If a focal chord of the parabola $$y^2=ax$$ is $$2x-y-8=0$$, then the equation of the directrix is:
(a) $$y+4=0$$
(b) $$x-4=0$$
(c) $$y-4=0$$
(d) $$x+4=0$$

Answer 1

Hint: Compare the results of general parabola with given parabola to find “$$a$$”of given parabola.

Complete step by step answer:

Given that the focal chord of parabola $$y^2=ax$$ is $$2x-y-8=0$$.

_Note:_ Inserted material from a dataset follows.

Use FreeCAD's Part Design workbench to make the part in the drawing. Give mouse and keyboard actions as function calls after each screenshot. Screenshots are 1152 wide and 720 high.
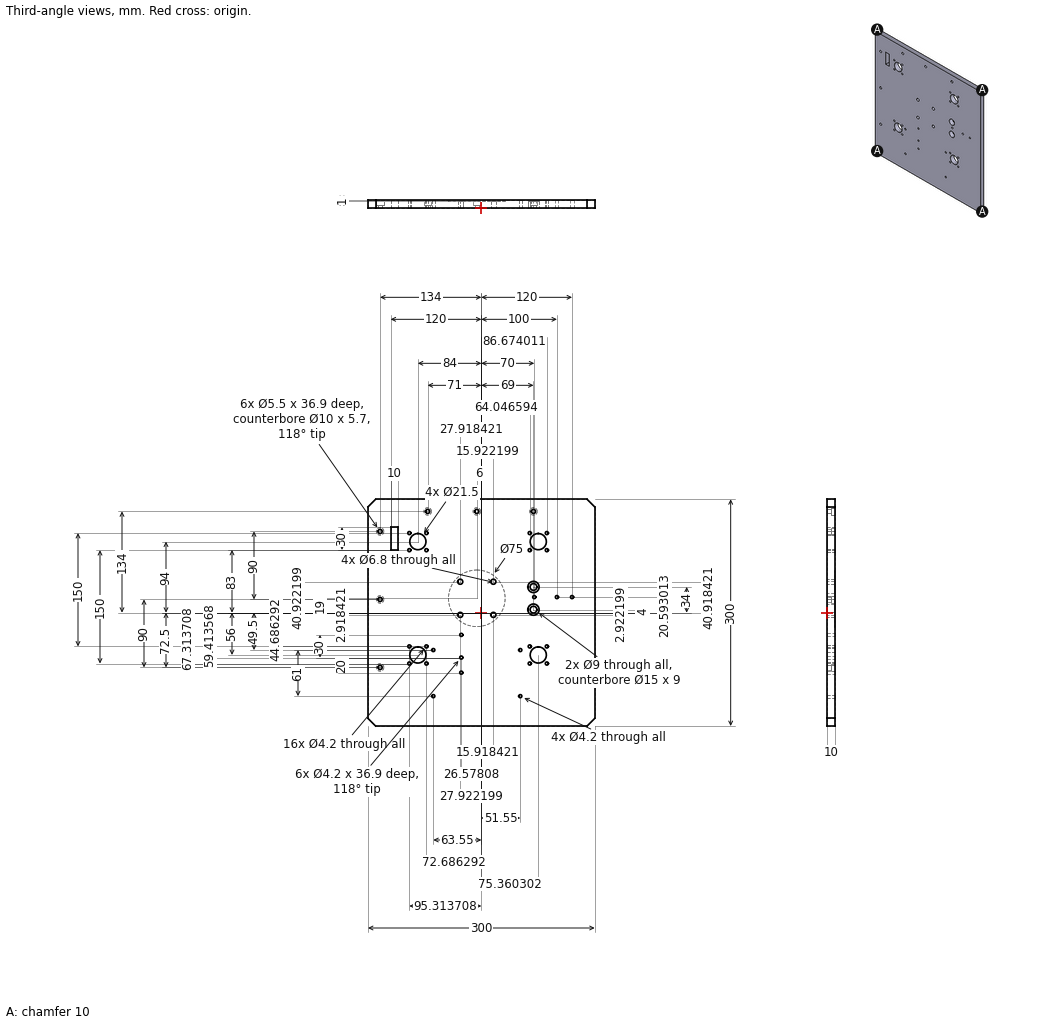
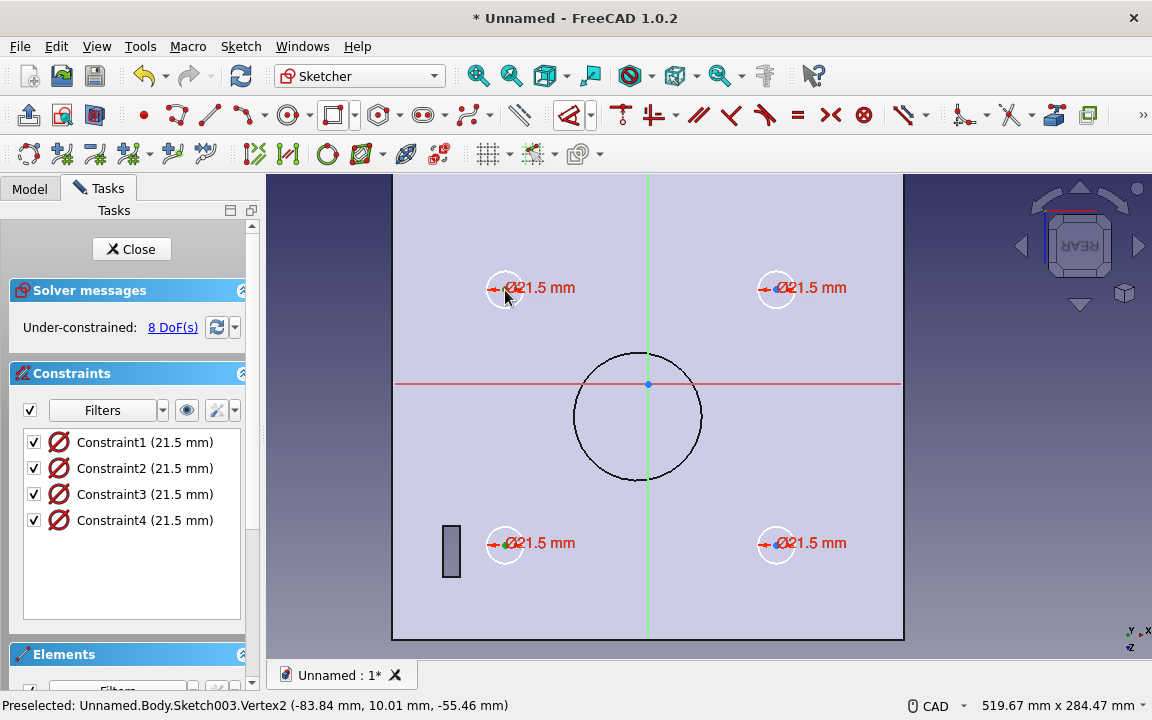
click(676, 116)

We know that focal chord is a chord which passes through the focus of parabola.
For standard parabola, $$y^2=4ax$$.
Focus is at $$(x,y)=({\displaystyle \frac{4a}{4}},0)=(a,0)$$
Therefore for given parabola, $$y^2=ax$$
We get, focus at $$(x,y)=({\displaystyle \frac{a}{4}},0)$$.
The given focal chord passes through focus.
Therefore, substituting $$x={\displaystyle \frac{a}{4}},y=0$$in $$2x-y-8=0$$
We get, $$2\left({\displaystyle \frac{a}{4}}\right)-\left(0\right)-8=0$$
$$={\displaystyle \frac{a}{2}}-8=0$$
Therefore, we get $$a=16$$
Hence, we get parabola $$y^2=ax$$
$$\Rightarrow y^2=16x$$

For general parabola, $$y^2=4ax$$
Directrix is $$x={\displaystyle \frac{-4a}{4}}$$
$$\Rightarrow x=-a$$
Or $$x+a=0$$
Therefore, for given parabola
$$y^2=16x$$
We get, directrix $$\Rightarrow x={\displaystyle \frac{-16}{4}}$$
$$\Rightarrow x=-4$$
Or, $$x+4=0$$
Therefore (d) is the correct option.

Note: As we know that, for standard parabola, focus lies on$$x$$axis, we can directly find focus by putting
 $$y=0$$in given focal chord which is as follows:
Now, we put $$y=0$$in equation $$2x-y-8=0$$.
We get, $$2x-\left(0\right)-8=0$$
$$x={\displaystyle \frac{8}{2}}=4$$
Therefore, focus $$(a,0)$$is $$(4,0)$$.
Also, a directrix could be found by taking a mirror image of focus through the$$y$$axis which would be
 $$(-4,0)$$.
As we know that the directrix is always perpendicular to the $$x$$ axis and passes through $$(-4,0)$$.
Here, therefore equation of directrix is:
$$x=\text{constant}$$
And here $$\text{constant}=-4$$
Therefore, we get equation of directrix as $$x=-4$$or $$x+4=0$$
Hence, option (d) is correct